◆ EXERCISE REQUIREMENTS: Render every line of the data exactly as written, and leave out the pictures.

────────

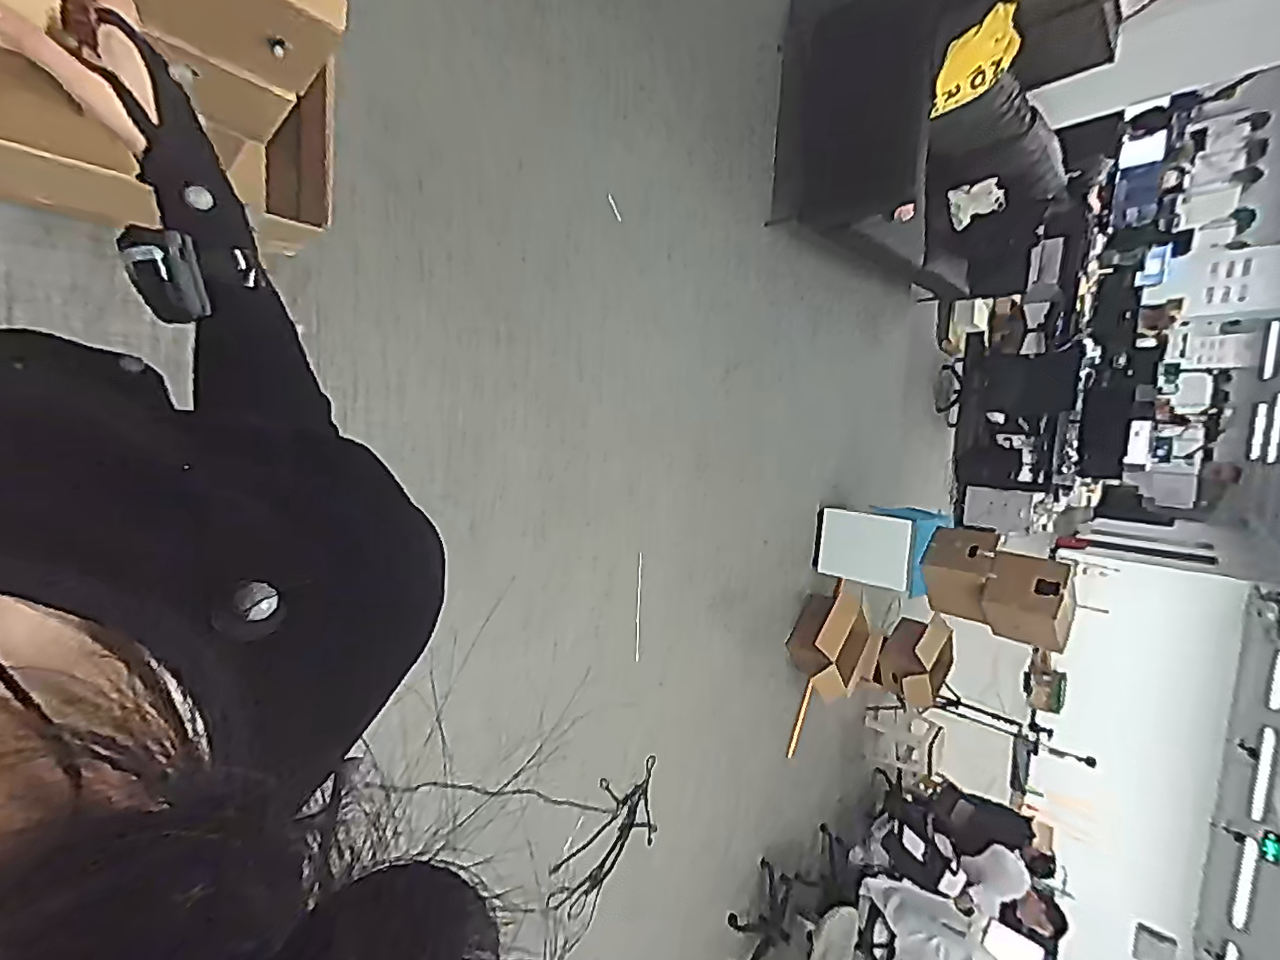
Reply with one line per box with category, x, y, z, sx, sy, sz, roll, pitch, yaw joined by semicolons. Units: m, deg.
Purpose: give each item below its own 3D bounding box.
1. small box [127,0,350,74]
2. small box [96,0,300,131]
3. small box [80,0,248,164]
small box;-0.400;-0.547;0.531;0.179;0.176;0.168;4;93;-45
small box;-0.519;-0.556;0.642;0.179;0.176;0.168;4;94;-46
small box;-0.644;-0.577;0.747;0.168;0.176;0.179;7;92;-46
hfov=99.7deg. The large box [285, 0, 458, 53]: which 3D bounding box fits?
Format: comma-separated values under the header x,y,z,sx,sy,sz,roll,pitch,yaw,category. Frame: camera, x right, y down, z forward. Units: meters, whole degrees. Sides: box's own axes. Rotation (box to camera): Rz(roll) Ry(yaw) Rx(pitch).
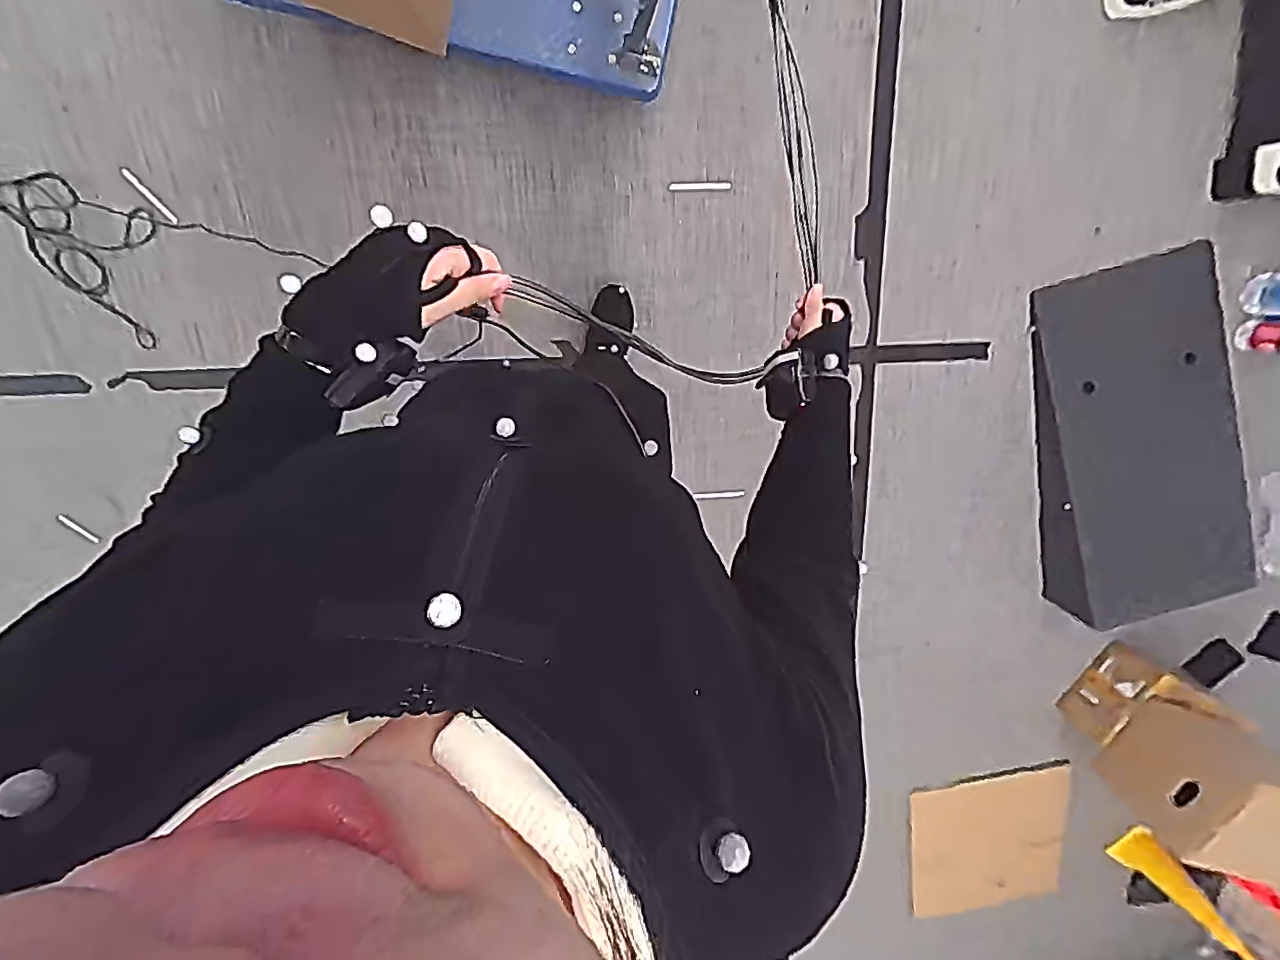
x,y,z,sx,sy,sz,roll,pitch,yaw,category
-0.504,-0.950,0.825,0.408,0.320,0.320,14,105,-9,large box

────────

◆ WORKED SOLUTION:
Reply with one line per box with category, x, y, z, sx, sy, sz, roll, pitch, yaw joined by semicolons. Units: m, deg.
Purpose: give each item below its own 3D bounding box.
1. small box [127,0,350,74]
2. small box [96,0,300,131]
3. small box [80,0,248,164]
small box;-0.400;-0.547;0.531;0.179;0.176;0.168;4;93;-45
small box;-0.519;-0.556;0.642;0.179;0.176;0.168;4;94;-46
small box;-0.644;-0.577;0.747;0.168;0.176;0.179;7;92;-46
hfov=99.7deg. The large box [285, 0, 458, 53]: which 3D bounding box fits?
Format: comma-separated values under the header x,y,z,sx,sy,sz,roll,pitch,yaw,category. Frame: camera, x right, y down, z forward. Units: meters, whole degrees. Sides: box's own axes. Rotation (box to camera): Rz(roll) Ry(yaw) Rx(pitch).
x,y,z,sx,sy,sz,roll,pitch,yaw,category
-0.504,-0.950,0.825,0.408,0.320,0.320,14,105,-9,large box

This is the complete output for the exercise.